To help address issues of accuracy and bias a number of features are being included. Each subcategory has a source box, a verification button, with a query button planned to enable problems that cannot be addressed within the editing system to be raised. Moderated dropdown options plus links to allow references to sources and routes to further information are also included. Easy to access edit histories also allow users to assess the accuracy of data. Specific phrasing of specific subcategory questions is also required in certain cases to address uncertainty. In terms of updating our plan is to update Ordnance Survey footprints every six months and to store demolished building data gathered through this process in our 'Dynamics' section.
As with the Wikipedia and OpenStreetMap model Colouring Cities is designed as as a low cost model, overseen by expert contributors.
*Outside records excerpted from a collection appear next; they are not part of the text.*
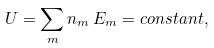<formula> <loc_0><loc_0><loc_500><loc_500>U = \sum _ { m } n _ { m } \, E _ { m } = c o n s t a n t ,</formula> 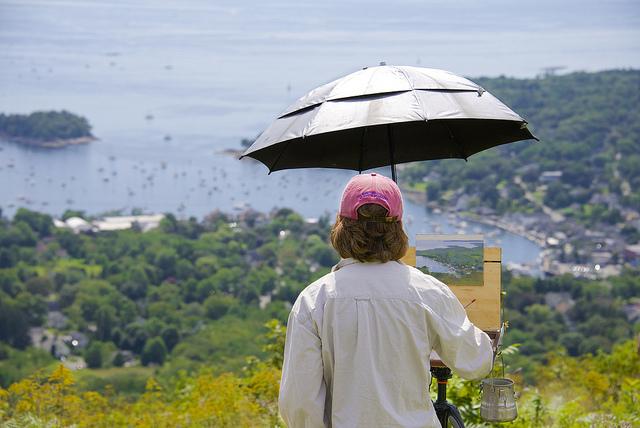Is the person on a hill?
Give a very brief answer. Yes. What color is this person's hat?
Give a very brief answer. Pink. Is it raining?
Concise answer only. No. 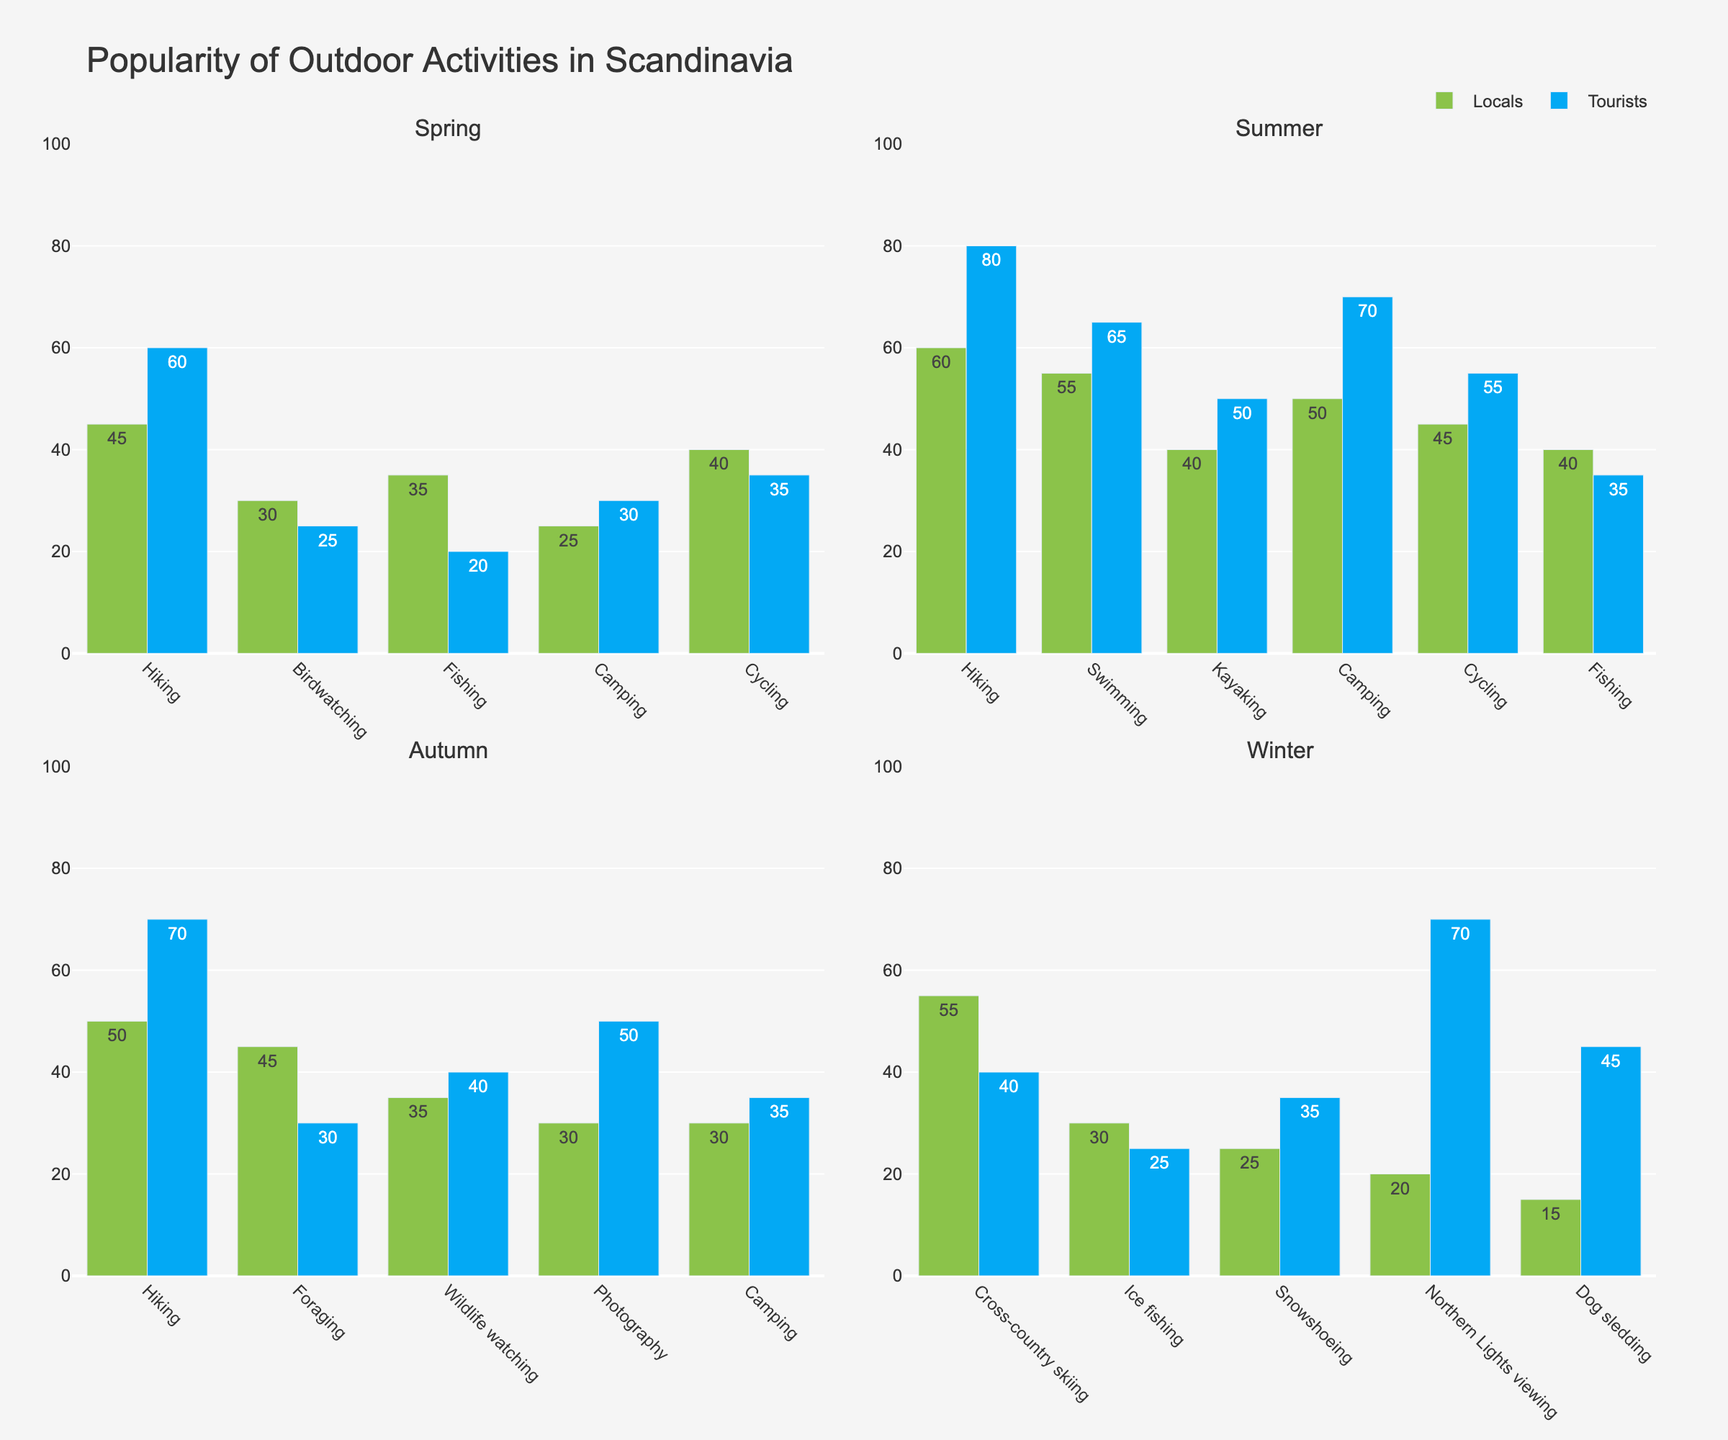What's the most popular activity among tourists in summer? By comparing the heights of the bars representing tourists' activities in summer, "Hiking" has the highest percentage at 80%.
Answer: Hiking Which activity shows the most significant difference in popularity between locals and tourists in winter? By examining the difference in bar heights for winter activities, "Northern Lights viewing" shows a significant difference with 20% for locals and 70% for tourists, a 50% difference.
Answer: Northern Lights viewing What is the average popularity of “Camping” across all seasons for locals? Add the popularity percentages for Camping among locals in all seasons and divide by the number of seasons: (25% (Spring) + 50% (Summer) + 30% (Autumn) + 0% (Winter)) / 4 = 105% / 4 = 26.25%.
Answer: 26.25% In spring, are there any activities more popular among tourists than locals? If so, which ones? Compare the bar heights for locals and tourists in spring. "Hiking" (60% tourists vs. 45% locals) and "Camping" (30% tourists vs. 25% locals) are more popular among tourists than locals.
Answer: Hiking, Camping Which season shows the highest popularity of "Hiking" among locals? By comparing the bar heights for "Hiking" across all seasons, the highest percentage for locals is in summer at 60%.
Answer: Summer How does the popularity of "Birdwatching" in spring compare to "Wildlife watching" in autumn among locals? "Birdwatching" in spring is at 30%, while "Wildlife watching" in autumn is at 35%. Therefore, "Wildlife watching" is more popular by 5%.
Answer: Wildlife watching is more popular by 5% What's the total popularity percentage of water-related activities (Swimming and Kayaking) among locals in summer? Add the percentages for “Swimming” and “Kayaking” for locals in summer: 55% (Swimming) + 40% (Kayaking) = 95%.
Answer: 95% Are there any activities exclusively popular in one season (i.e., not performed in other seasons) among tourists? By visually inspecting the bars for each activity across the seasons, "Northern Lights viewing" and "Dog sledding" in winter are not represented in other seasons for tourists.
Answer: Northern Lights viewing, Dog sledding Which activity has the least popularity among locals in winter? By comparing the heights of the bars for winter activities, "Dog sledding" is the least popular at 15%.
Answer: Dog sledding How much more popular is "Cycling" in summer among tourists compared to spring among tourists? Subtract the percentages of tourists doing "Cycling" in spring from summer: 55% (Summer) - 35% (Spring) = 20%.
Answer: 20%

Our landing page also contains a clear statement that data are derived from multiple sources and that accuracy of the data must, ultimately, be determined by the user.
WHO ARE WE SHARING DATA WITH AND UNDER WHAT CONDITIONS?
Colouring London has been designed as a free knowledge exchange platform that collates, collects and generates open data on London's building stock, able to be used by everyone. We do not sell data and we will not share user’s personal data (e.g email address) with any other organisation.
The site is explicit in the user agreement, required to be accepted on our sign up page, on the way that contributed data can be used. Colouring London contributions are licensed under the Open Data Commons Open Database License (ODbL) by Colouring London contributors.
Users are free to copy, distribute, transmit and adapt our data, as long as they credit Colouring London and its contributors. If users alter or build on Colouring London data, they may distribute the result only under the same licence.
The sign up agreement emphasises that when you make a contribution to Colouring London, you are creating a permanent, public record of all data added, removed, or changed by you as noted above. It is also explicitly stated that Colouring London is unable to accept any data derived from copyright or restricted sources, other than as covered by fair use. Data sources are encouraged to be recorded wherever possible.
Our platform code are also open and we encourage its use by other cities and towns. Code are available on our GitHub site
https://github.com/colouring-london/colouring-london under the following licensing terms:
'Colouring London Copyright (C) 2018 Tom Russell and Colouring London contributors'. This program is free software: you can redistribute it and/or
modify it under the terms of the GNU General Public License as published by the Free Software Foundation, either version 3 of the License, or (at your option) any later version. This program is distributed in the hope that it will be useful, but WITHOUT ANY WARRANTY; without even the implied warranty of MERCHANTABILITY or FITNESS FOR A PARTICULAR PURPOSE.